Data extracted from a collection
= Beginning of Section =
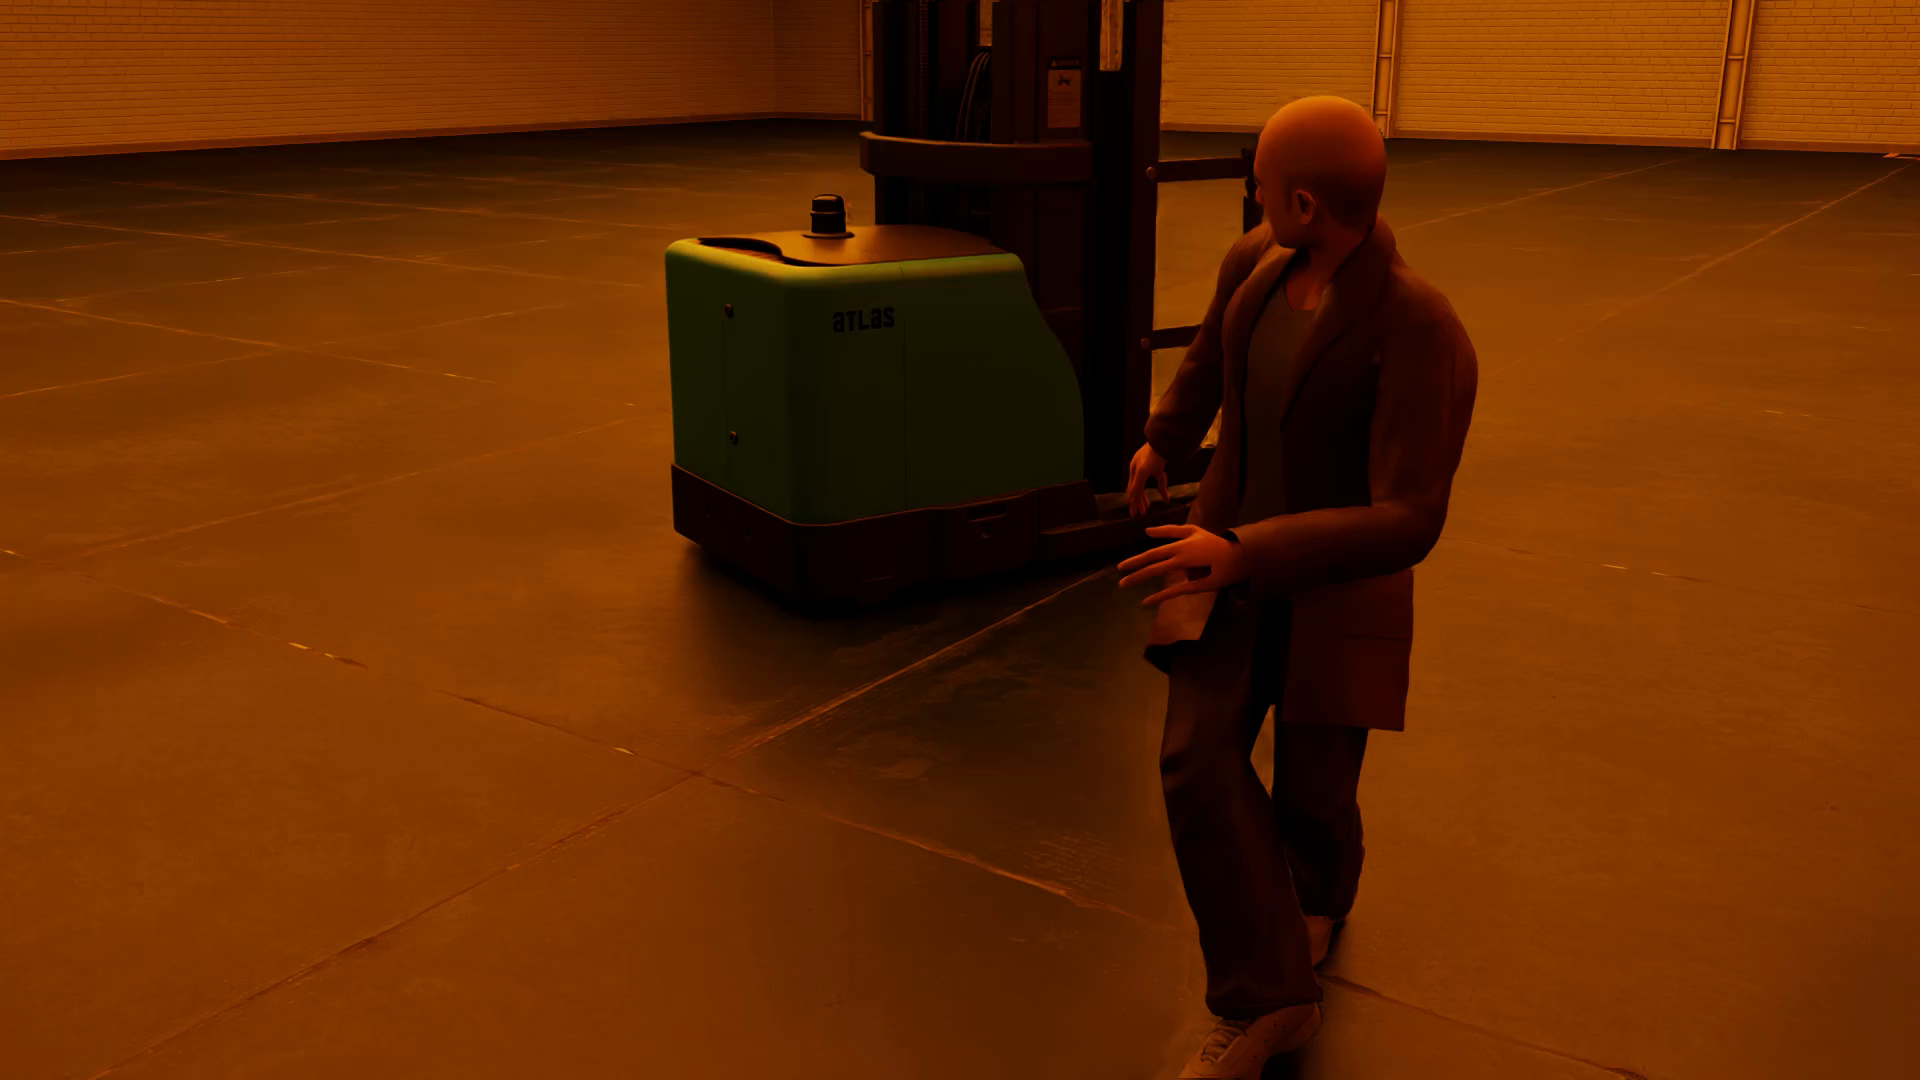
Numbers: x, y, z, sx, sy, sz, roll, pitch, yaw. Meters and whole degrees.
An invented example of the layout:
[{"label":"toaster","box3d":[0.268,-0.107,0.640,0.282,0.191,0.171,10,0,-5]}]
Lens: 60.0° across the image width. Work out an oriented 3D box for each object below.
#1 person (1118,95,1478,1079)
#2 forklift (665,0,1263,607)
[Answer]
[{"label":"person","box3d":[0.476,0.070,2.913,0.830,1.644,0.866,14,21,38]},{"label":"forklift","box3d":[0.510,-1.500,5.849,3.031,2.935,1.130,-11,20,-32]}]
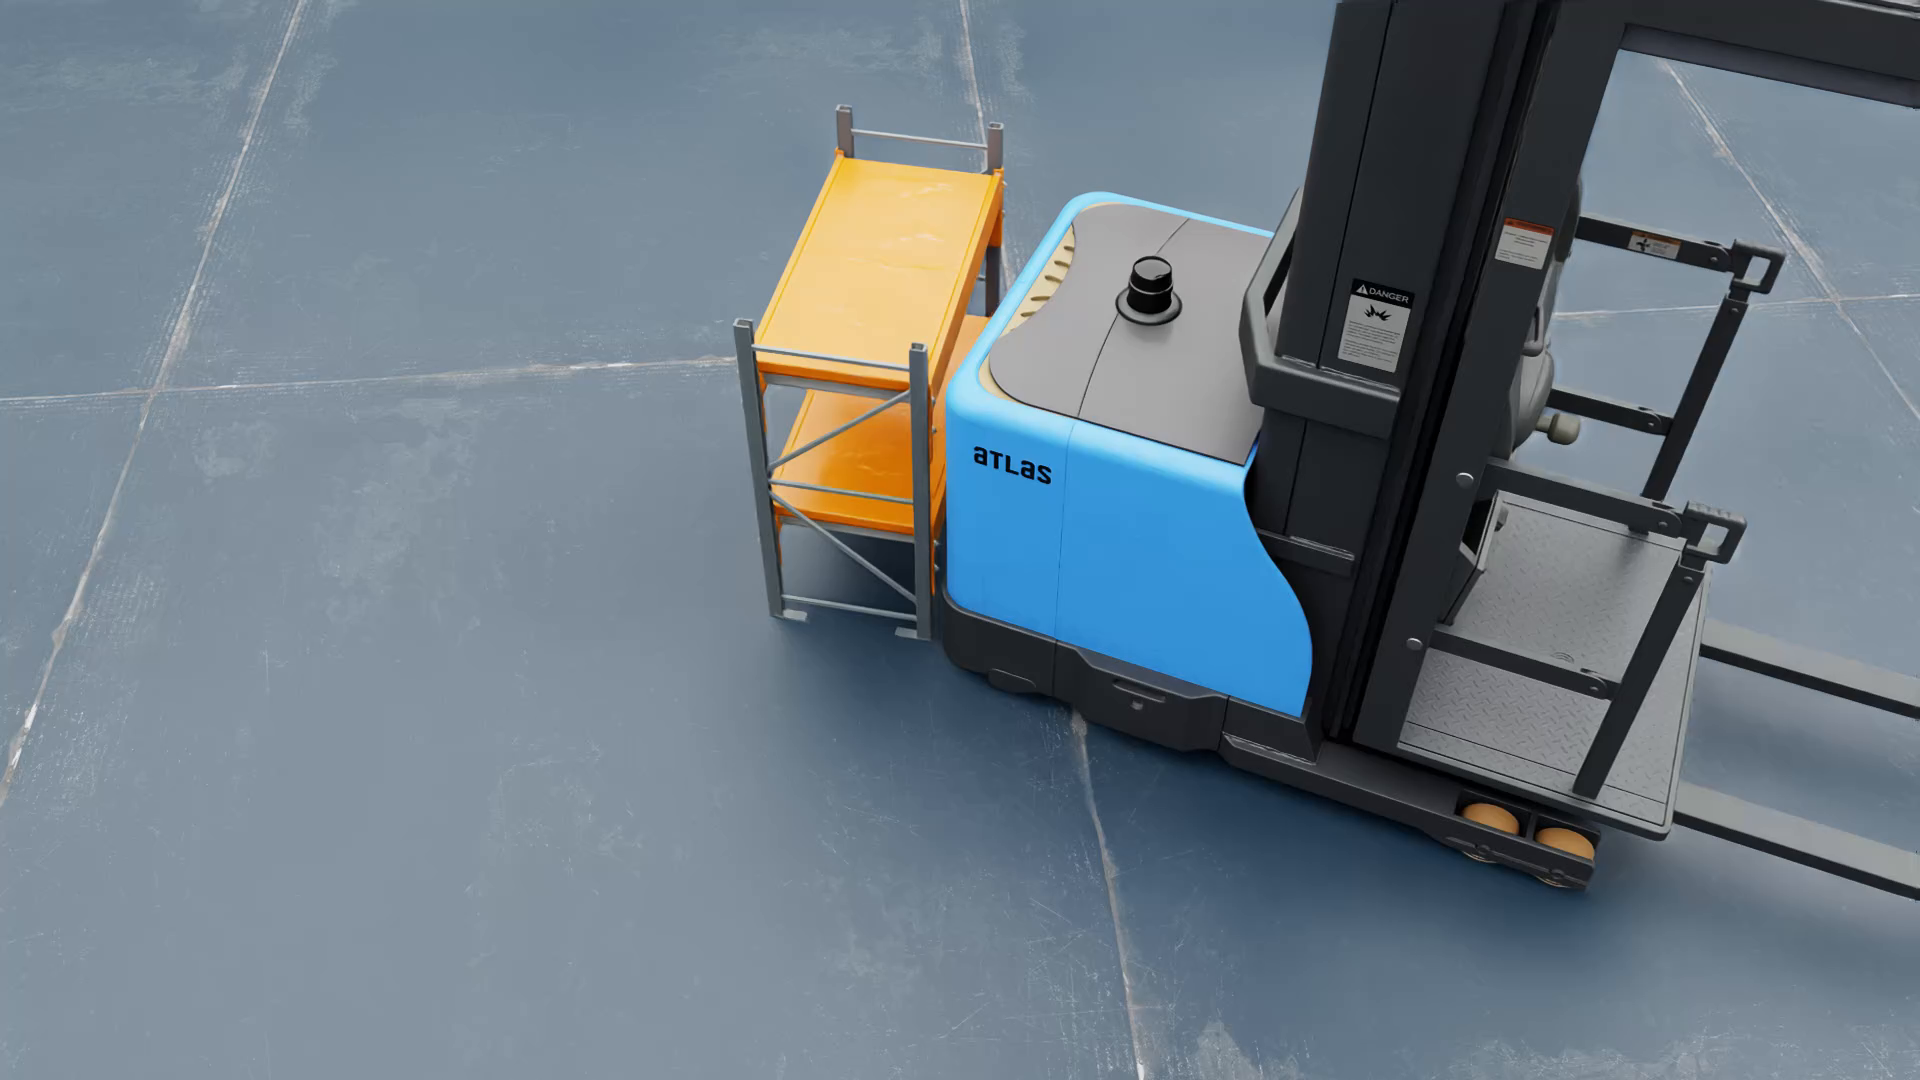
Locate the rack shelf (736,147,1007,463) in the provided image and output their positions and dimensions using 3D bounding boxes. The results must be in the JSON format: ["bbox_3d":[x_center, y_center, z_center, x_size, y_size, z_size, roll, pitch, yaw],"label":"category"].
[{"bbox_3d":[-0.224,-0.694,4.729,0.538,0.278,1.000,9,47,8],"label":"rack shelf"}]

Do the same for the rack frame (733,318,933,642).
[{"bbox_3d":[-0.328,-0.131,4.600,0.500,1.125,0.032,9,47,8],"label":"rack frame"}]

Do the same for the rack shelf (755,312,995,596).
[{"bbox_3d":[-0.224,-0.325,5.119,0.538,0.278,1.000,9,47,8],"label":"rack shelf"}]

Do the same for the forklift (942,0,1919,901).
[{"bbox_3d":[1.514,-0.536,3.739,3.031,2.935,1.130,17,49,16],"label":"forklift"}]

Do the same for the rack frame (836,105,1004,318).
[{"bbox_3d":[-0.119,-0.854,5.284,0.500,1.125,0.032,9,47,8],"label":"rack frame"}]

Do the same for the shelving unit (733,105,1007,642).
= End of Section =
*PROBLEM DESCRIPTION*.
Copy, word for word, the entries above from the first line to the line that holds "#2 forklift (665,0,1263,607)". Drop the pictures.

*SOLVED PROBLEM*.
Numbers: x, y, z, sx, sy, sz, roll, pitch, yaw. Meters and whole degrees.
An invented example of the layout:
[{"label":"toaster","box3d":[0.268,-0.107,0.640,0.282,0.191,0.171,10,0,-5]}]
Lens: 60.0° across the image width. Work out an oriented 3D box for each object below.
#1 person (1118,95,1478,1079)
#2 forklift (665,0,1263,607)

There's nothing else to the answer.